Tajti Gabor, Gesztelyi Rudolf, Pak Krisztian, Papp Csaba, Keki Sandor, Szilasi Magdolna Emma, Mikaczo Angela, Fodor Andrea, Szilasi Maria, Zsuga Judit
Department of Health Systems Management and Quality Management for Health Care, Faculty of Public Health; Department of Pulmonology, Faculty of Medicine.
Department of Pharmacology and Pharmacotherapy, Faculty of Medicine.
Int J Chron Obstruct Pulmon Dis. 2017 Mar 14;12:873-884. doi: 10.2147/COPD.S127373. eCollection 2017.
The major feature of COPD is a progressive airflow limitation caused by chronic airway inflammation and consequent airway remodeling. Modified arginase and nitric oxide synthase (NOS) pathways are presumed to contribute to the inflammation and fibrosis. Asymmetric dimethylarginine (ADMA) may shunt L-arginine from the NOS pathway to the arginase one by uncoupling and competitive inhibition of NOS and by enhancing arginase activity. To attest the interplay of these pathways, the relationship between ADMA and airflow limitation, described by airway resistance (R), was investigated in a cohort of COPD patients. Every COPD patient willing to give consent to participate (n=74) was included. Case history, laboratory parameters, serum arginine and ADMA, pulmonary function (whole-body plethysmography), and disease-specific quality of life (St George's Respiratory Questionnaire) were determined. Multiple linear regression was used to identify independent determinants of R. The final multiple model was stratified based on symptom control. The log R showed significant positive correlation with log ADMA in the whole sample (Pearson's correlation coefficient: 0.25, =0.03). This association remained significant after adjusting for confounders in the whole data set (: 0.42; confidence interval [CI]: 0.06, 0.77; =0.022) and in the worse-controlled stratum (: 0.84; CI: 0.25, 1.43; =0.007). Percent predicted value of forced expiratory flow between 25% and 75% of forced vital capacity showed that significant negative, elevated C-reactive protein exhibited significant positive relationship with R in the final model. Positive correlation of R with ADMA in COPD patients showing evidence of a systemic low-grade inflammation implies that ADMA contributes to the progression of COPD, probably by shunting L-arginine from the NOS pathway to the arginase one.
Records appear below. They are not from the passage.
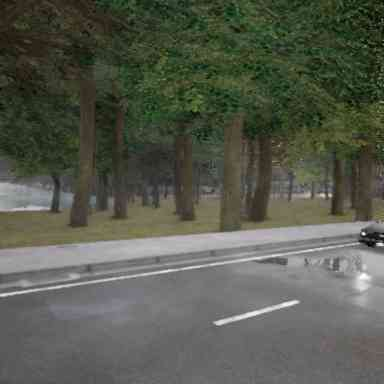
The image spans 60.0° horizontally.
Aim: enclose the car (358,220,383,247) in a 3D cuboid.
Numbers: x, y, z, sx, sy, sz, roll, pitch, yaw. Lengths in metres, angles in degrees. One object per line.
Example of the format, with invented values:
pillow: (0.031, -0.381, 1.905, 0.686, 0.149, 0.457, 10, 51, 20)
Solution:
car: (8.879, 1.494, 13.292, 5.357, 1.411, 2.033, 1, 1, -34)

慢性阻塞性肺疾病(COPD)的主要特征是由慢性气道炎症及随之而来的气道重塑导致的进行性气流受限。推测精氨酸酶和一氧化氮合酶(NOS)途径的改变会导致炎症和纤维化。不对称二甲基精氨酸(ADMA)可能通过使NOS解偶联和竞争性抑制以及增强精氨酸酶活性,将L-精氨酸从NOS途径分流至精氨酸酶途径。为证实这些途径之间的相互作用,在一组COPD患者中研究了ADMA与气流受限(通过气道阻力(R)描述)之间的关系。纳入了每一位愿意同意参与研究的COPD患者(n = 74)。确定了病史、实验室参数、血清精氨酸和ADMA、肺功能(全身体积描记法)以及疾病特异性生活质量(圣乔治呼吸问卷)。采用多元线性回归来确定R的独立决定因素。最终的多元模型根据症状控制进行分层。在整个样本中,log R与log ADMA呈显著正相关(Pearson相关系数:0.25,P = 0.03)。在对整个数据集的混杂因素进行校正后(β:0.42;置信区间[CI]:0.06,0.77;P = 0.022)以及在控制较差的分层中(β:0.84;CI:0.25,1.43;P = 0.007),这种关联仍然显著。用力肺活量25%至75%之间的用力呼气流量的预测值百分比表明,在最终模型中,显著降低的用力呼气流量与升高的C反应蛋白均与R呈显著正相关。在显示有全身低度炎症证据的COPD患者中,R与ADMA呈正相关,这意味着ADMA可能通过将L-精氨酸从NOS途径分流至精氨酸酶途径,从而促进COPD的进展。